Different views were exchanged on how the activities and needs of industry could be better matched to the research and education in universities. It was pointed out that large projects such as ITER and Wendelstein 7-X require more engineering skills from academia. The multidisciplenary aspects of the work were pointed out by industry, and suggestions were made on how to incorporate these more in education. Also the hurdles that prevent fusion students to find an internship in industry were brought to the table.

It was also felt that industry could benefit from consulting of fusion engineers or gaining more knowledge in the fusion domain.

All members at the table concluded by recognizing that the challenges of the European fusion programme imply that the European support for fusion education needs to be reinforced and more closely integrated with industry. To achieve its goals fusion, we will need the very best of scientists and engineers to be ready, when ITER comes in operation.

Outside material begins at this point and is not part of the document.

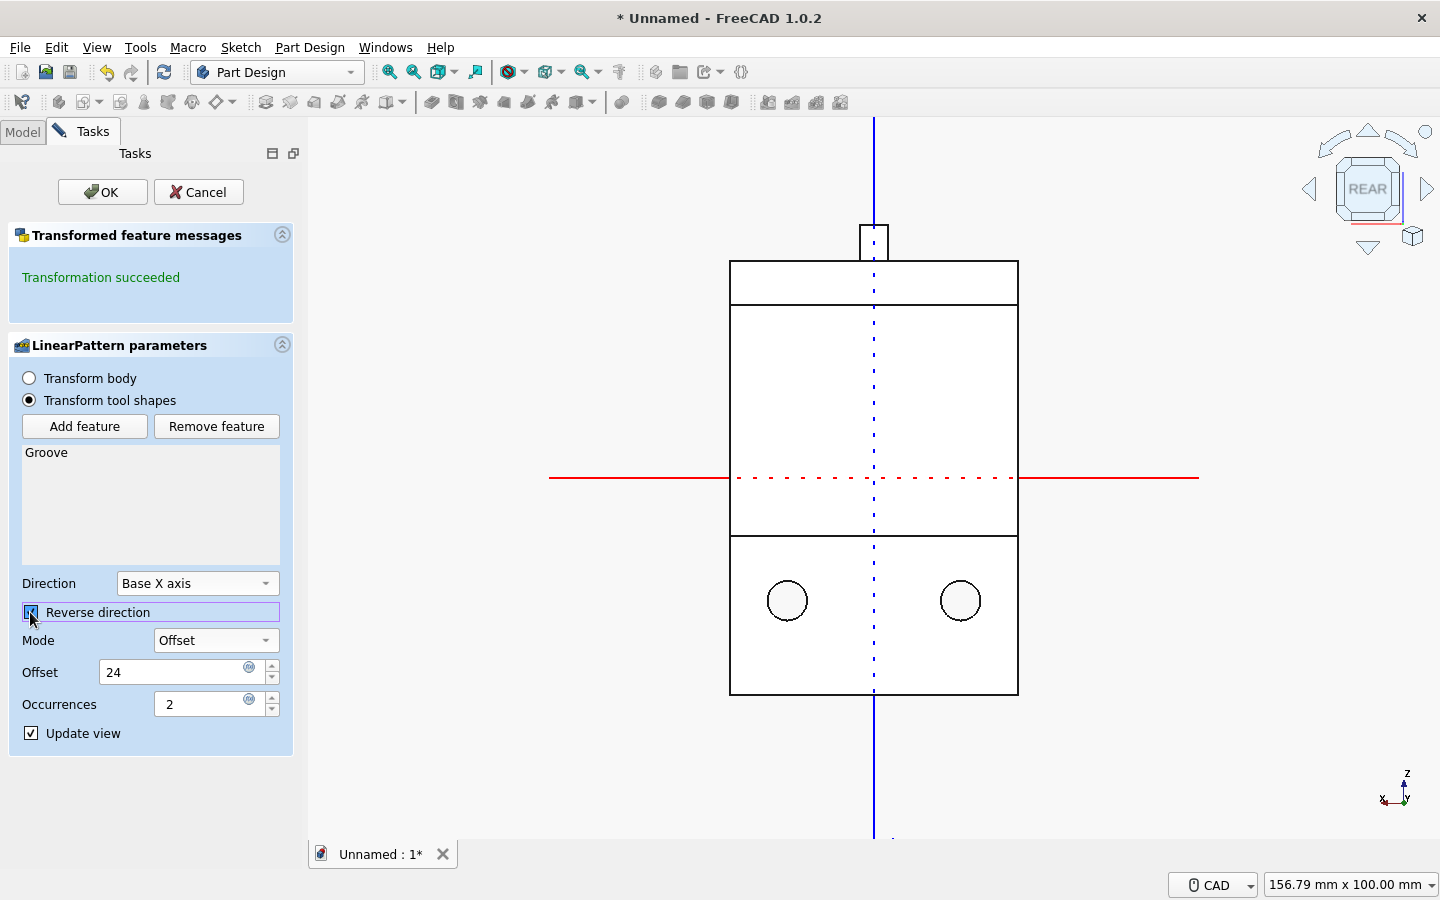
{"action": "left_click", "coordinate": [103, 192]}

Along the same line of thought, a presentation in the afternoon by Christian Schönfelder (pictured on the left) of the Fusion Industry Innovation Forum (FIIF) stated that it is important that industry takes a more active role in defining and developing fusion technologies. The specific skills that need to be developed in Fusion were outlined, and a comparison was made with the Fission industry.

Schönfelder further discussed how FuseNet could aid in promoting and assisting the developments of skills in industry (e.g. through direct training, internships, and by delivering skilled engineers as future employees), to position European industry at the forefront of fusion technology.